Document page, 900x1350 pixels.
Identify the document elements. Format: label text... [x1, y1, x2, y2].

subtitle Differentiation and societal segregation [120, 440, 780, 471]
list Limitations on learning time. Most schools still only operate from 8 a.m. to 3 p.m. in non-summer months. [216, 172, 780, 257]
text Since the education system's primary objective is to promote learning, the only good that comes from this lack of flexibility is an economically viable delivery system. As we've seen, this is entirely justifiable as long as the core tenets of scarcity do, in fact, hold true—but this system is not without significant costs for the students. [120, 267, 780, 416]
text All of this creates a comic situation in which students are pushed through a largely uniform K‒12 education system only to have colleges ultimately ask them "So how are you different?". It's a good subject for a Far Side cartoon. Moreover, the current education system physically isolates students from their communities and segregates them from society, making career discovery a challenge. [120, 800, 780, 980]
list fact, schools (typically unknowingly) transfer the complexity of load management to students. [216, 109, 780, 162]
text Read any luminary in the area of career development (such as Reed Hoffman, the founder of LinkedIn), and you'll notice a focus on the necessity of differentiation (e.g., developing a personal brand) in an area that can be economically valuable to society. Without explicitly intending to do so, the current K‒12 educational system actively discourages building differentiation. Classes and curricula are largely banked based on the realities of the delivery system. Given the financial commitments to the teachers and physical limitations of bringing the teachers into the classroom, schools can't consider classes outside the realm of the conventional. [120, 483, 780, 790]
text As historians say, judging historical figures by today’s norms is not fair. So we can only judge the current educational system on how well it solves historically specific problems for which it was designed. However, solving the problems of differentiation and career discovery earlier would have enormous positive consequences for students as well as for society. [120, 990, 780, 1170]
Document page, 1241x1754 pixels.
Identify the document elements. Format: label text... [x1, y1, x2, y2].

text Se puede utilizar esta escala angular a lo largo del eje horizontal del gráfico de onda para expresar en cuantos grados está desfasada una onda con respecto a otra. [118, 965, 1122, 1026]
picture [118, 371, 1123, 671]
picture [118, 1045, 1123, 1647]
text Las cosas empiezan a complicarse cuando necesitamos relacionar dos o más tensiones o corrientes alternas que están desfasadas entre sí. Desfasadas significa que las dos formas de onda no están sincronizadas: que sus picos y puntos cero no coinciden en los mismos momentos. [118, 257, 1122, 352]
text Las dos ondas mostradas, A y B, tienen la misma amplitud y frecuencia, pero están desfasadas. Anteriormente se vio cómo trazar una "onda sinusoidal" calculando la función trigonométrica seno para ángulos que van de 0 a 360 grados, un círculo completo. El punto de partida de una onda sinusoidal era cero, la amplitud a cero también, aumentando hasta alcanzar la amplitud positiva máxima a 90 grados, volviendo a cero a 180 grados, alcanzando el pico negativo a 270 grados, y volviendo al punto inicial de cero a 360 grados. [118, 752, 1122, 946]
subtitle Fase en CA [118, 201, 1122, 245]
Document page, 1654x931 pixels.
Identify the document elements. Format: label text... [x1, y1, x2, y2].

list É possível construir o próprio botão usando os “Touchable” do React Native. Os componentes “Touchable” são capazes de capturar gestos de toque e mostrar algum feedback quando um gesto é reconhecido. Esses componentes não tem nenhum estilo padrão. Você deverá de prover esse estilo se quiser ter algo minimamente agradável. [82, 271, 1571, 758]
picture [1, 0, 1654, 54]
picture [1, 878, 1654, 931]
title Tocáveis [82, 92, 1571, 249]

## Your assignment
In the listing above, find the line containing "list Limitations on" and the line containing "text Since the". Output them and every line between, exactly, and nothing else.

## Solution to this exercise
list Limitations on learning time. Most schools still only operate from 8 a.m. to 3 p.m. in non-summer months. [216, 172, 780, 257]
text Since the education system's primary objective is to promote learning, the only good that comes from this lack of flexibility is an economically viable delivery system. As we've seen, this is entirely justifiable as long as the core tenets of scarcity do, in fact, hold true—but this system is not without significant costs for the students. [120, 267, 780, 416]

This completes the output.